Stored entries
++++++
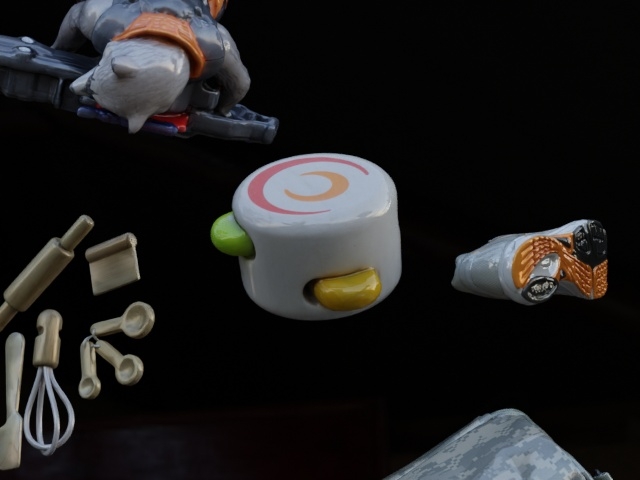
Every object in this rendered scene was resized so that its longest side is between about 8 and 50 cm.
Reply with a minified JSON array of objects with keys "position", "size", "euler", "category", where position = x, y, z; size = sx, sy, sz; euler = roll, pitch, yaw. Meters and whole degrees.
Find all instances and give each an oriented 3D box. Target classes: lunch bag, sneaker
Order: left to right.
[{"position":[0.131,0.311,1.461],"size":[0.305,0.212,0.256],"euler":[-31,-7,-6],"category":"lunch bag"},{"position":[0.254,0.024,1.831],"size":[0.121,0.099,0.262],"euler":[0,0,37],"category":"sneaker"}]

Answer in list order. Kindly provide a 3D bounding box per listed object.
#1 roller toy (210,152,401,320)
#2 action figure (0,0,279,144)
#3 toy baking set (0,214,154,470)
[{"position":[0.000,0.000,1.760],"size":[0.209,0.191,0.146],"euler":[11,-57,28],"category":"roller toy"},{"position":[-0.198,-0.215,1.390],"size":[0.341,0.330,0.178],"euler":[7,-55,-16],"category":"action figure"},{"position":[-0.264,0.101,1.514],"size":[0.256,0.197,0.030],"euler":[-43,-37,17],"category":"toy baking set"}]
++++++
YOUR GOAL:
Copy the records shown above in their entirety and exactly; images are to be left out.

RESULT BELOW:
Every object in this rendered scene was resized so that its longest side is between about 8 and 50 cm.
Reply with a minified JSON array of objects with keys "position", "size", "euler", "category", where position = x, y, z; size = sx, sy, sz; euler = roll, pitch, yaw. Meters and whole degrees.
Find all instances and give each an oriented 3D box. Target classes: lunch bag, sneaker
Order: left to right.
[{"position":[0.131,0.311,1.461],"size":[0.305,0.212,0.256],"euler":[-31,-7,-6],"category":"lunch bag"},{"position":[0.254,0.024,1.831],"size":[0.121,0.099,0.262],"euler":[0,0,37],"category":"sneaker"}]

Answer in list order. Kindly provide a 3D bounding box per listed object.
#1 roller toy (210,152,401,320)
#2 action figure (0,0,279,144)
#3 toy baking set (0,214,154,470)
[{"position":[0.000,0.000,1.760],"size":[0.209,0.191,0.146],"euler":[11,-57,28],"category":"roller toy"},{"position":[-0.198,-0.215,1.390],"size":[0.341,0.330,0.178],"euler":[7,-55,-16],"category":"action figure"},{"position":[-0.264,0.101,1.514],"size":[0.256,0.197,0.030],"euler":[-43,-37,17],"category":"toy baking set"}]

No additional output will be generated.